In discussing the manuscript-collections at English cathedrals before the Reformation I shall deal here with just two issues: What is the evidence which must form the basis for their study? And, on the basis of this and other evidence, what were these collections used for?

The Evidence

Surviving Manuscripts: Obviously we need to start with the surviving books. Eight of the sixteen medieval foundations are represented by substantial numbers of these: Canterbury, Durham, Exeter, Hereford, Lincoln, Rochester, Salisbury and Worcester (1). Durham is the outstanding case, with about 550 surviving manuscripts (plus another 200-odd early printed books) (2); at the other extreme is York, which has lost nearly everything: there are only about twenty surviving books from what must have been a substantial collection (3). Similarly meagre survival-numbers apply at Carlisle, Chichester, Coventry, Ely, Lichfield, London, Wells and Winchester (4). On the other hand, Durham, Hereford, Lincoln, Salisbury and Worcester still have most or many of their surviving books on site. At Worcester there are 285 manuscripts plus important fragments, some as early as the eighth century.
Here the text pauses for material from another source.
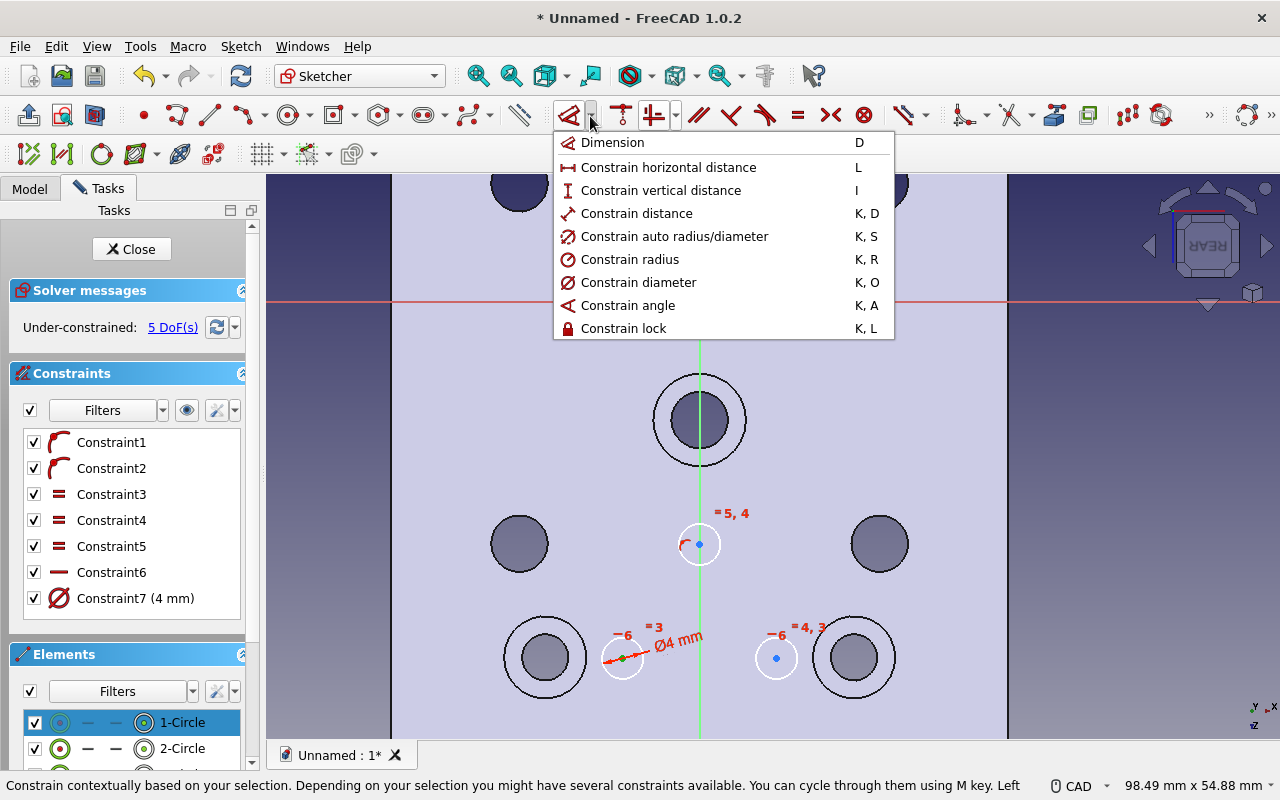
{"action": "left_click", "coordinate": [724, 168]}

They are supplemented by at least another 124 in other places. The total of surviving Worcester manuscripts is therefore about 400. Canterbury's 350-odd surviving manuscripts are widely scattered and often fragmented. Lincoln has 247 manuscripts on site plus a portfolio of fragments, and another ten complete books now elsewhere. Salisbury has 221 all told, almost all at the Cathedral. Hereford has about 240, mostly still on site, Exeter 145, mostly in the Bodleian. Rochester and Norwich are represented by about 140 and 120 volumes respectively, nearly all of them now elsewhere. Norwich is a special case because its library was apparently entirely destroyed in a great fire of 1272; its late medieval collection may not have been as large as it could have been had the fire not occurred (5). But manuscripts held by a cathedral library now were not necessarily there before the Reformation. So, at Lincoln only one hundred of the surviving manuscripts come from the medieval cathedral; many if not most of the rest were acquired by Dean Michael Honeywood after 1660 (6). At Worcester thirty-three manuscripts arrived after the Dissolution, while the medieval provenance of another thirty-eight is uncertain (7).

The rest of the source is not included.